Items from a dataset:
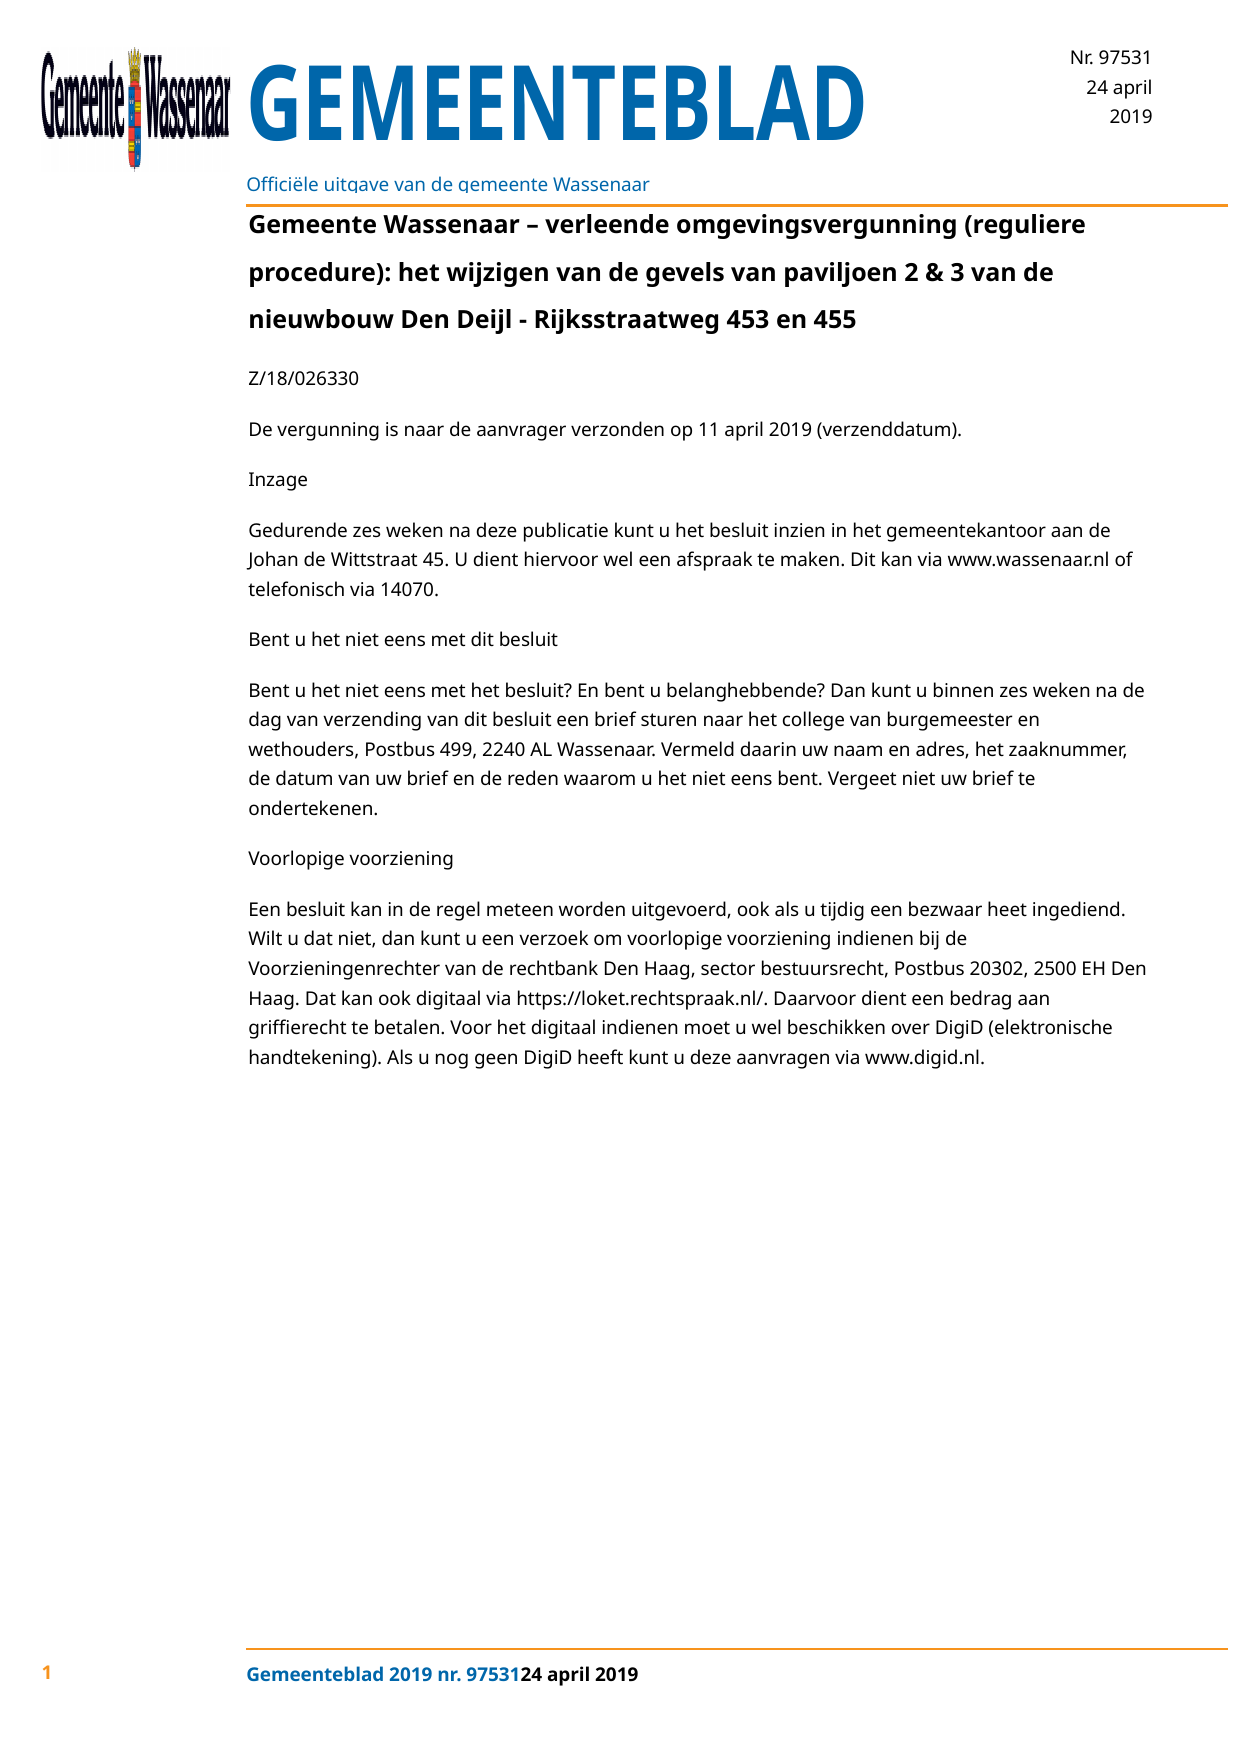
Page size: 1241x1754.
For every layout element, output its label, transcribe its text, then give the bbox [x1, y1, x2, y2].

text Een besluit kan in de regel meteen worden uitgevoerd, ook als u tijdig een bezwaar heet ingediend. Wilt u dat niet, dan kunt u een verzoek om voorlopige voorziening indienen bij de Voorzieningenrechter van de rechtbank Den Haag, sector bestuursrecht, Postbus 20302, 2500 EH Den Haag. Dat kan ook digitaal via https://loket.rechtspraak.nl/. Daarvoor dient een bedrag aan griffierecht te betalen. Voor het digitaal indienen moet u wel beschikken over DigiD (elektronische handtekening). Als u nog geen DigiD heeft kunt u deze aanvragen via www.digid.nl. [248, 896, 1152, 1069]
picture [41, 47, 231, 172]
text Inzage [248, 466, 1152, 492]
text Bent u het niet eens met het besluit? En bent u belanghebbende? Dan kunt u binnen zes weken na de dag van verzending van dit besluit een brief sturen naar het college van burgemeester en wethouders, Postbus 499, 2240 AL Wassenaar. Vermeld daarin uw naam en adres, het zaaknummer, de datum van uw brief en de reden waarom u het niet eens bent. Vergeet niet uw brief te ondertekenen. [248, 677, 1152, 821]
text Voorlopige voorziening [248, 846, 1152, 871]
text Bent u het niet eens met dit besluit [248, 626, 1152, 652]
text Z/18/026330 [248, 366, 1152, 391]
text Gemeente Wassenaar – verleende omgevingsvergunning (reguliere procedure): het wijzigen van de gevels van paviljoen 2 & 3 van de nieuwbouw Den Deijl - Rijksstraatweg 453 en 455 [248, 207, 1152, 336]
text De vergunning is naar de aanvrager verzonden op 11 april 2019 (verzenddatum). [248, 416, 1152, 442]
text Gedurende zes weken na deze publicatie kunt u het besluit inzien in het gemeentekantoor aan de Johan de Wittstraat 45. U dient hiervoor wel een afspraak te maken. Dit kan via www.wassenaar.nl of telefonisch via 14070. [248, 517, 1152, 602]
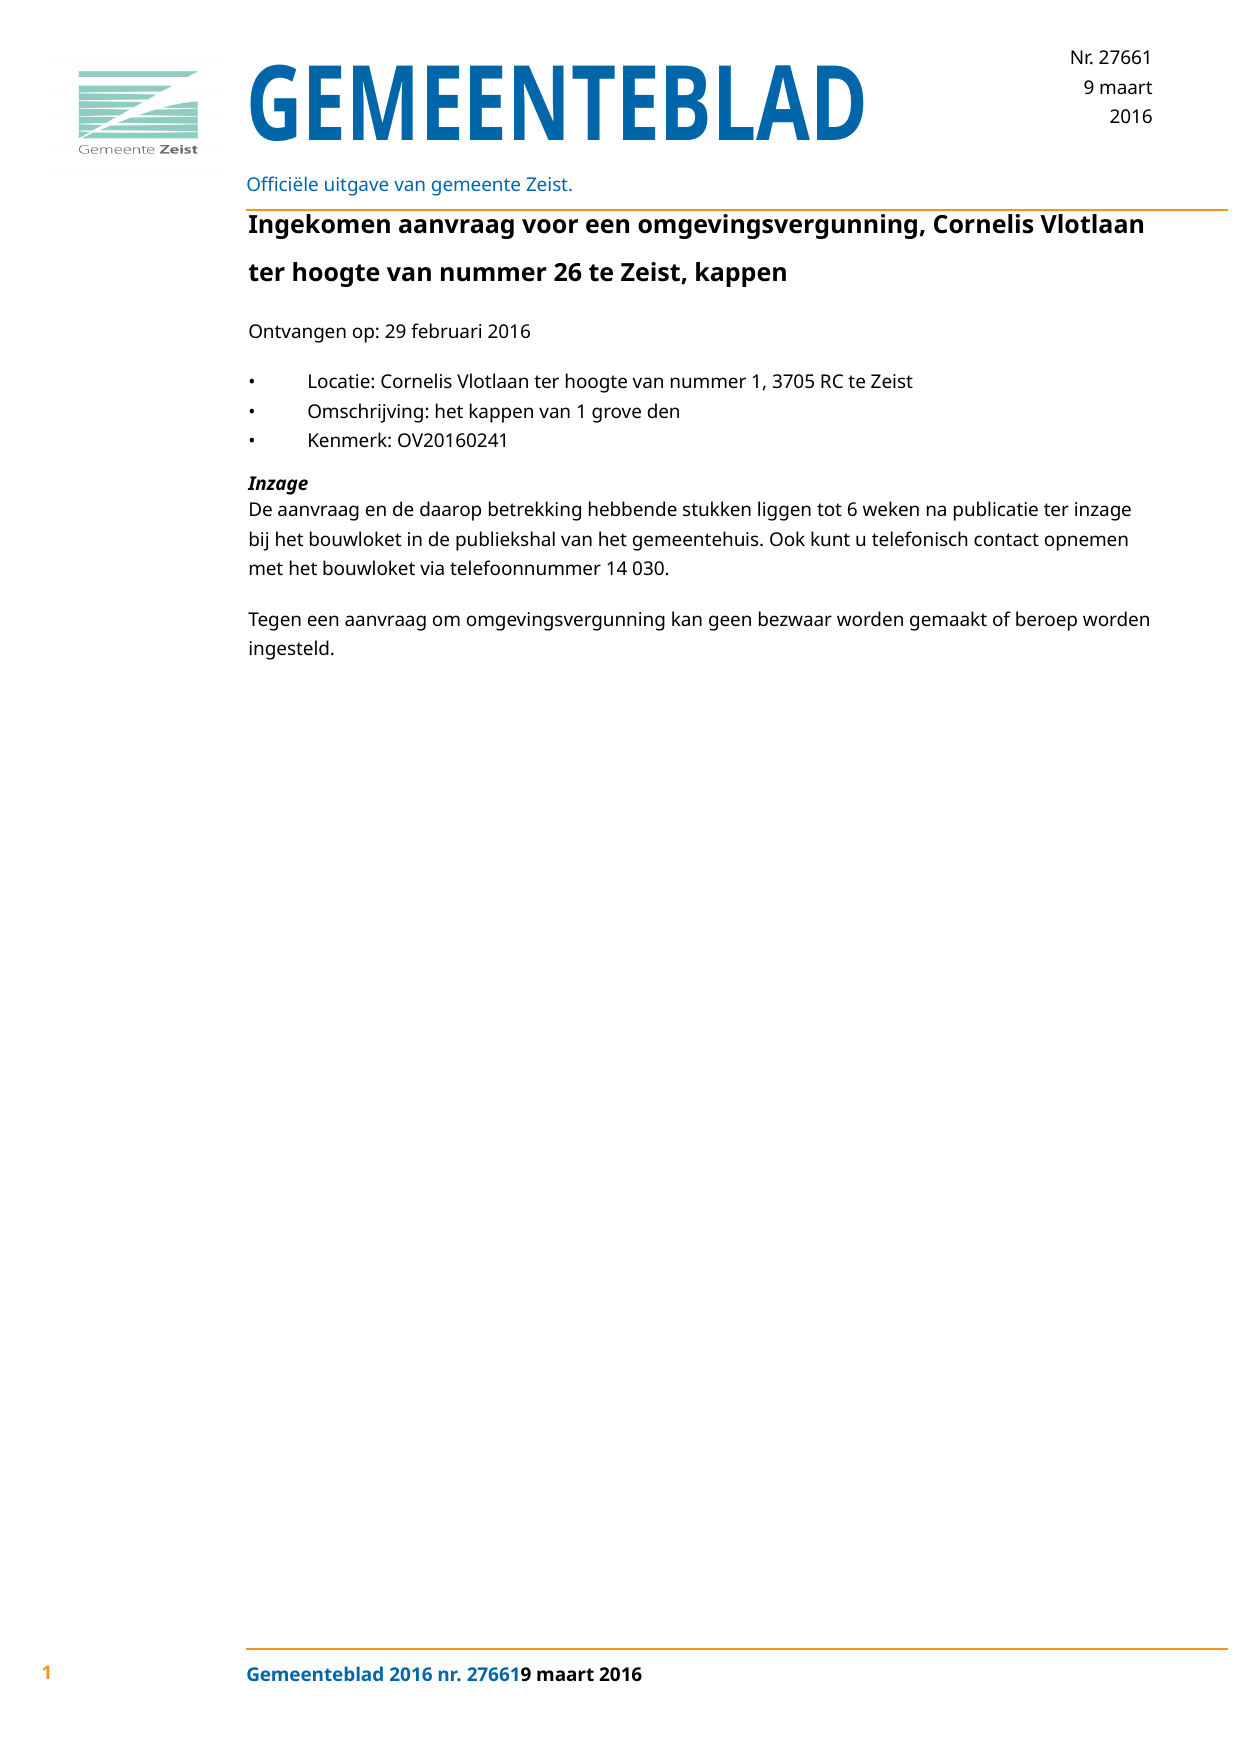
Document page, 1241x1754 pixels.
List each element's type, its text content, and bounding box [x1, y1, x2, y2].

text Ingekomen aanvraag voor een omgevingsvergunning, Cornelis Vlotlaan ter hoogte van nummer 26 te Zeist, kappen [248, 211, 1152, 288]
text Tegen een aanvraag om omgevingsvergunning kan geen bezwaar worden gemaakt of beroep worden ingesteld. [248, 606, 1152, 661]
picture [41, 47, 231, 172]
text De aanvraag en de daarop betrekking hebbende stukken liggen tot 6 weken na publicatie ter inzage bij het bouwloket in de publiekshal van het gemeentehuis. Ook kunt u telefonisch contact opnemen met het bouwloket via telefoonnummer 14 030. [248, 496, 1152, 581]
text Ontvangen op: 29 februari 2016 [248, 318, 1152, 344]
list Kenmerk: OV20160241 [248, 427, 1152, 453]
list Omschrijving: het kappen van 1 grove den [248, 398, 1152, 424]
list Locatie: Cornelis Vlotlaan ter hoogte van nummer 1, 3705 RC te Zeist [248, 368, 1152, 394]
text Inzage [248, 471, 1152, 496]
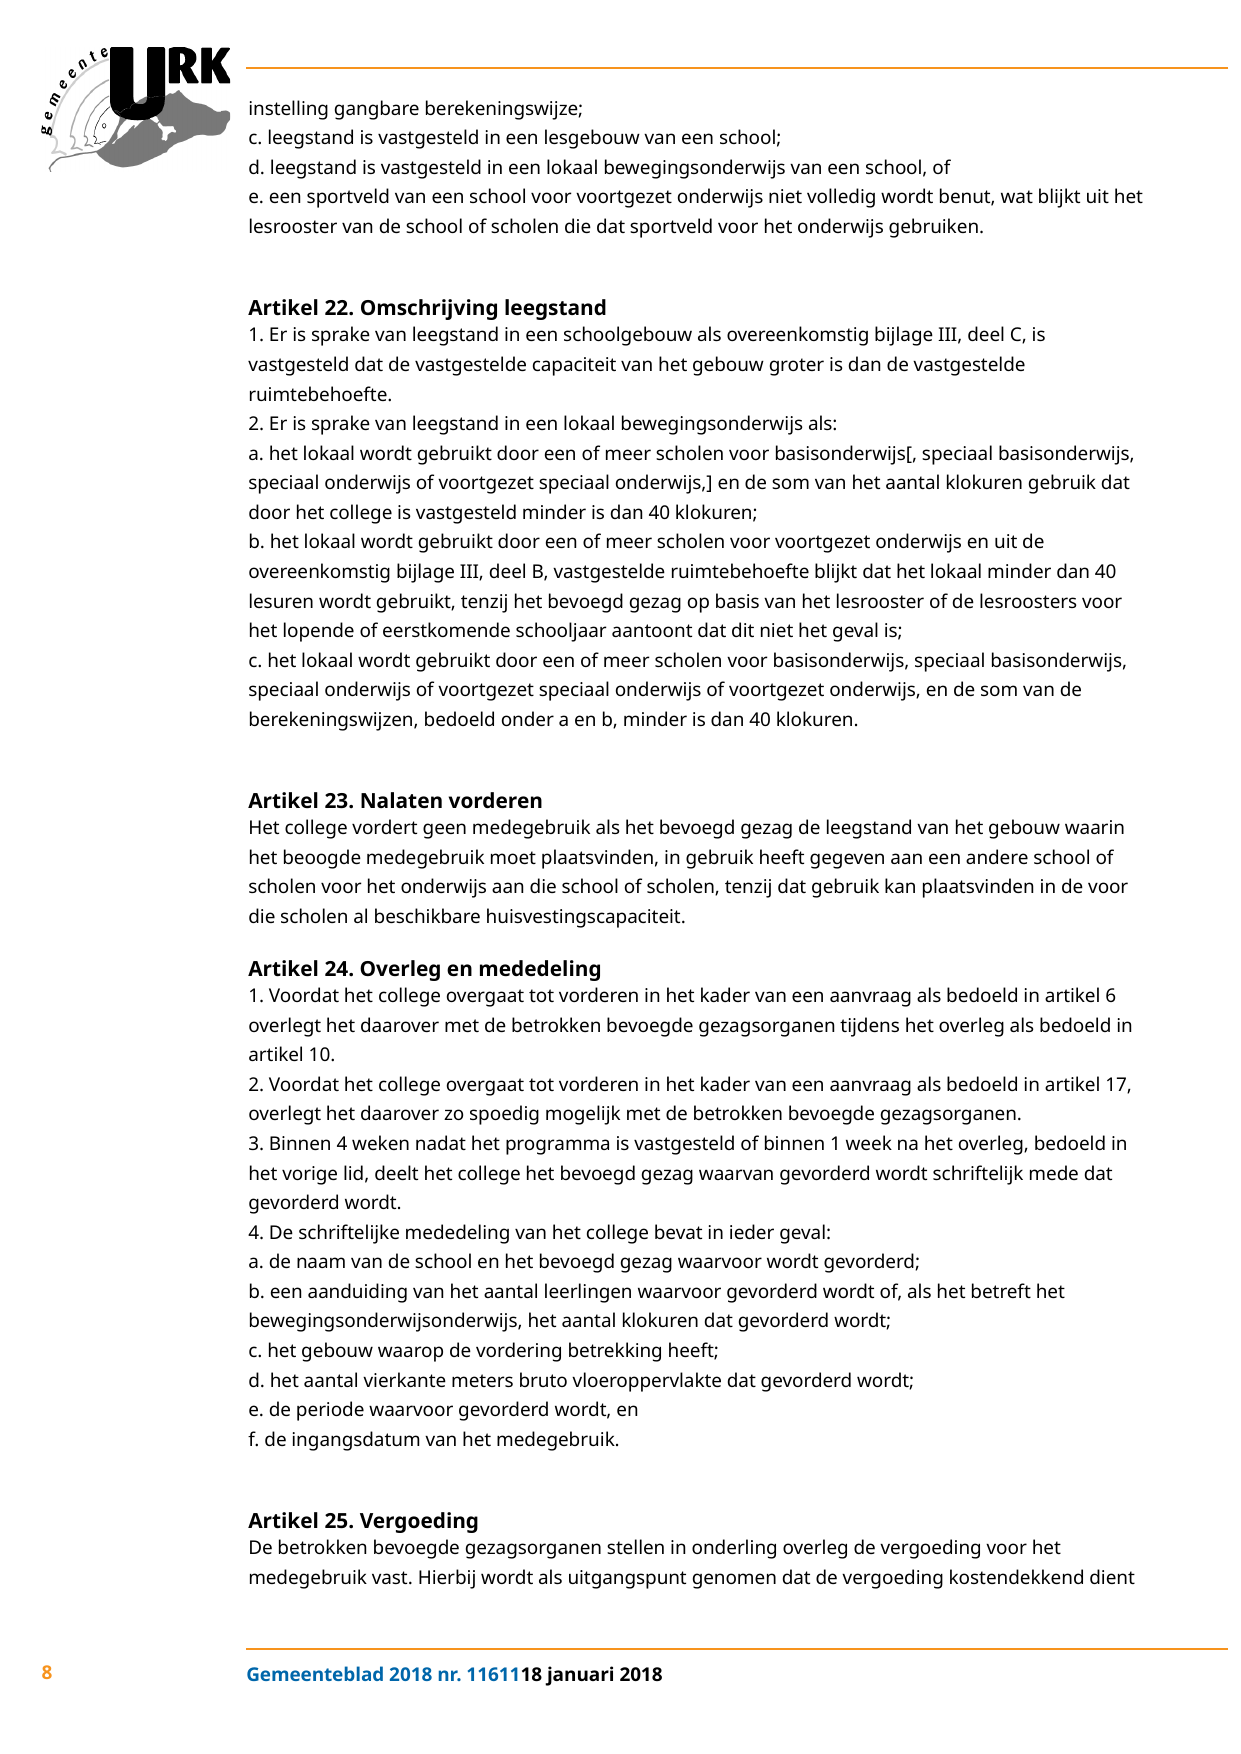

▸ Work instructions
Once the pictures are removed, reproduce the remaining entries above exactly.

▸ Worked solution
Page size: 1241x1754.
For every layout element, output its label, transcribe its text, then give the bbox [x1, y1, x2, y2].

text Een besluit kan in de regel meteen worden uitgevoerd, ook als u tijdig een bezwaar heet ingediend. Wilt u dat niet, dan kunt u een verzoek om voorlopige voorziening indienen bij de Voorzieningenrechter van de rechtbank Den Haag, sector bestuursrecht, Postbus 20302, 2500 EH Den Haag. Dat kan ook digitaal via https://loket.rechtspraak.nl/. Daarvoor dient een bedrag aan griffierecht te betalen. Voor het digitaal indienen moet u wel beschikken over DigiD (elektronische handtekening). Als u nog geen DigiD heeft kunt u deze aanvragen via www.digid.nl. [248, 896, 1152, 1069]
picture [41, 47, 231, 172]
text Inzage [248, 466, 1152, 492]
text Bent u het niet eens met het besluit? En bent u belanghebbende? Dan kunt u binnen zes weken na de dag van verzending van dit besluit een brief sturen naar het college van burgemeester en wethouders, Postbus 499, 2240 AL Wassenaar. Vermeld daarin uw naam en adres, het zaaknummer, de datum van uw brief en de reden waarom u het niet eens bent. Vergeet niet uw brief te ondertekenen. [248, 677, 1152, 821]
text Voorlopige voorziening [248, 846, 1152, 871]
text Bent u het niet eens met dit besluit [248, 626, 1152, 652]
text Z/18/026330 [248, 366, 1152, 391]
text Gemeente Wassenaar – verleende omgevingsvergunning (reguliere procedure): het wijzigen van de gevels van paviljoen 2 & 3 van de nieuwbouw Den Deijl - Rijksstraatweg 453 en 455 [248, 207, 1152, 336]
text De vergunning is naar de aanvrager verzonden op 11 april 2019 (verzenddatum). [248, 416, 1152, 442]
text Gedurende zes weken na deze publicatie kunt u het besluit inzien in het gemeentekantoor aan de Johan de Wittstraat 45. U dient hiervoor wel een afspraak te maken. Dit kan via www.wassenaar.nl of telefonisch via 14070. [248, 517, 1152, 602]
Document page, 1241x1754 pixels.
List each element's type, its text content, and bounding box [x1, y1, x2, y2].

text Ingekomen aanvraag voor een omgevingsvergunning, Cornelis Vlotlaan ter hoogte van nummer 26 te Zeist, kappen [248, 211, 1152, 288]
text Tegen een aanvraag om omgevingsvergunning kan geen bezwaar worden gemaakt of beroep worden ingesteld. [248, 606, 1152, 661]
picture [41, 47, 231, 172]
text De aanvraag en de daarop betrekking hebbende stukken liggen tot 6 weken na publicatie ter inzage bij het bouwloket in de publiekshal van het gemeentehuis. Ook kunt u telefonisch contact opnemen met het bouwloket via telefoonnummer 14 030. [248, 496, 1152, 581]
text Ontvangen op: 29 februari 2016 [248, 318, 1152, 344]
list Kenmerk: OV20160241 [248, 427, 1152, 453]
list Omschrijving: het kappen van 1 grove den [248, 398, 1152, 424]
list Locatie: Cornelis Vlotlaan ter hoogte van nummer 1, 3705 RC te Zeist [248, 368, 1152, 394]
text Inzage [248, 471, 1152, 496]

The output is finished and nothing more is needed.